Каково же содержание челобитной?
    Челобитная идет от широких слоев «Ноугородцкого» общества. В начале ее упоминается митрополит Исидор «и архимарит и игумены, и протопопы, и попы и весь освященный собор, да боярин и воевода князь Иван болшой Одоевской, и дворяне, и дьяки, и дети боярские, и приказные люди, потом гости, и пятиконецкие старосты, и торговые посадцкие и всяких чинов жилецкие люди». В челобитной обращают на себя внимание пять пунктов.
    1). Новгородцы указывают, что крестное целование (присяга. – Г.З.) состоялось Карлу Филиппу, причем состоялось не только в Новгороде, но и в других городах: Орешке, Ладоге, Ивангороде; они заявляют, что и «вперед» они за королевича «везде ради головы свои положити, нещадно, безо всякие хитрости». /С. 55/
    2). Но как же быть с «обереганьем» Новгородского государства, с его обороной: ведь король обещает оборонять Новгород, если новгородцы принесут присягу на королевское имя? Новгородцы отвечают: «в том волен Бог да великий государь наш королевич», как он договорится с братом-королем и утвердит, а им, «подданным холопем» Карла Филиппа, «о таком великом деле» мимо своего государя-королевича «договаривать и укрепляти не мочно»; в Новгородском государстве и в них «волен» королевич. Они сами хотят иметь короля «оборонителем, по утвержденным записем», вместо покойного Карла IX.
    3). Если Карл-Филипп не пожелал идти на Новгородское государство, а отправился в свои земли в Швеции, то в том «воля его пресветлейшества, где он… в своей вотчине произволит быти»; только они, согласно данной им присяги держатся королевича. Они умоляют, чтобы король приказал «учинити» «всяких чинов людем Ноугородцкого государства по утверженным записем», как договорился и укрепился с Новгородом Делагарди (25 июля 1611 года. – Г.З.) «святым евангильем с клятвою и утверженными записми» за руками и за печатью, что было «Ноугородцкого государства, и городов и уездов под Свейскую корону не подводити».
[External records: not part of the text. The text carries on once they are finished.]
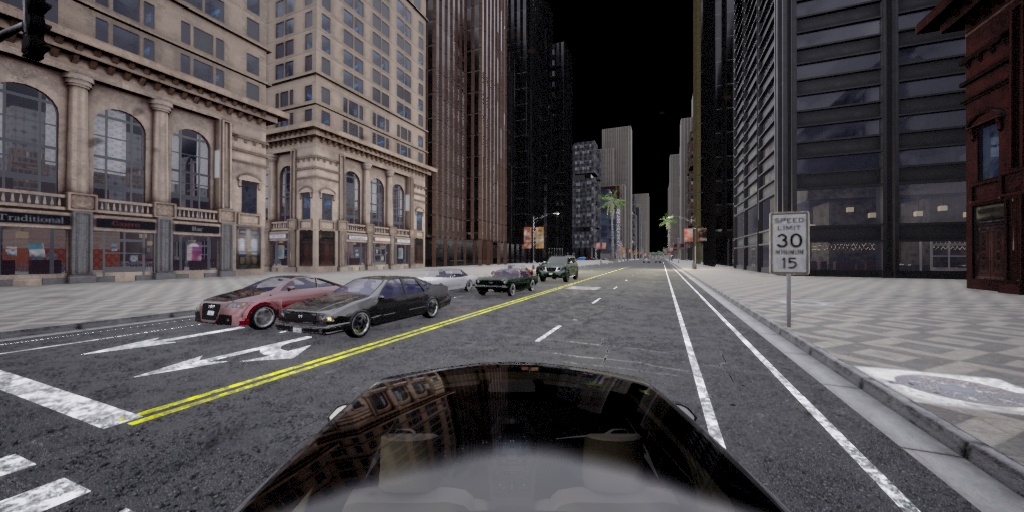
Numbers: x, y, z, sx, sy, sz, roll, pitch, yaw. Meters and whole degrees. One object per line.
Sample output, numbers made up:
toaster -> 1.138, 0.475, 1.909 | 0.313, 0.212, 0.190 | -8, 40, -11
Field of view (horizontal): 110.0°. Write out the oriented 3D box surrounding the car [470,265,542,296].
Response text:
car -> -0.177, 1.358, 19.479 | 1.895, 1.301, 4.718 | 0, 0, 23

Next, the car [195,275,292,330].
car -> -7.135, 1.316, 11.247 | 1.994, 1.385, 4.181 | 0, 0, 23

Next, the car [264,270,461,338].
car -> -3.874, 1.299, 10.631 | 2.033, 1.411, 5.357 | 0, 0, 23

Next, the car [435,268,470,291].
car -> -3.762, 1.357, 19.332 | 1.895, 1.301, 4.718 | 0, 0, 23

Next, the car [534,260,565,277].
car -> 4.051, 1.251, 37.925 | 1.882, 1.535, 5.008 | 0, 0, 23

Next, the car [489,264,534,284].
car -> 0.081, 1.364, 28.523 | 1.895, 1.301, 4.718 | 0, 0, 23

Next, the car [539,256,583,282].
car -> 3.951, 0.987, 29.347 | 2.150, 2.045, 5.566 | 0, 0, 22
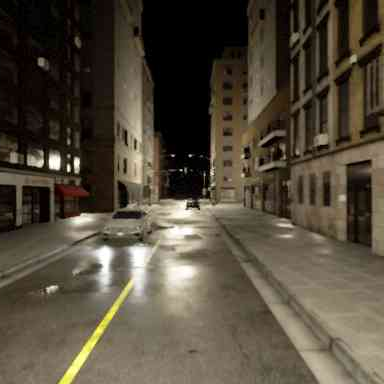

    4).Новгородцы указывают, что из Новгорода многие отъезжают к «ворам». Но ведь это делается не с «ведома и думы» новгородцев; и в других государствах бывают с одной стороны «изменники», а с другой «верные и справедливые люди».
    5). Что до измены Владимирского и Московского /С. 56/ государств, то это произошло не по совету новгородцев: «мы с ними о таком непостоятелстве не ссыливались».
Челобитная свидетельствует, что Новгородские всяких чинов люди высказывались против унии со Швецией, они стремились сохранить в силе договор Новгорода с Делагарди 25 июля 1611 года (14).
    Во II очерке мы подробно рассмотрели имеющиеся под челобитной 29 подписей. Напомним здесь, что среди подписавшихся встречаем членов посольства в Выборг (Киприан, дьяк Томила Сергеев, Василий Трусов, Первушка Прокофьев, Томилка Пристальцов и др.), но не находим подписи князя Никифора Мещерского. С другой стороны, в челобитной читаем: «и про нашу, государь, прямую службу и раденье (Карлу Филиппу. – Г.З.) ведомо вашего королевского величества боярину и болшому ратному воеводе Якову Пунтосовичю Делегарду». Это позволяет высказать предположение, что при отправлении челобитной королю немалую роль играли сторонники Карла Филиппа.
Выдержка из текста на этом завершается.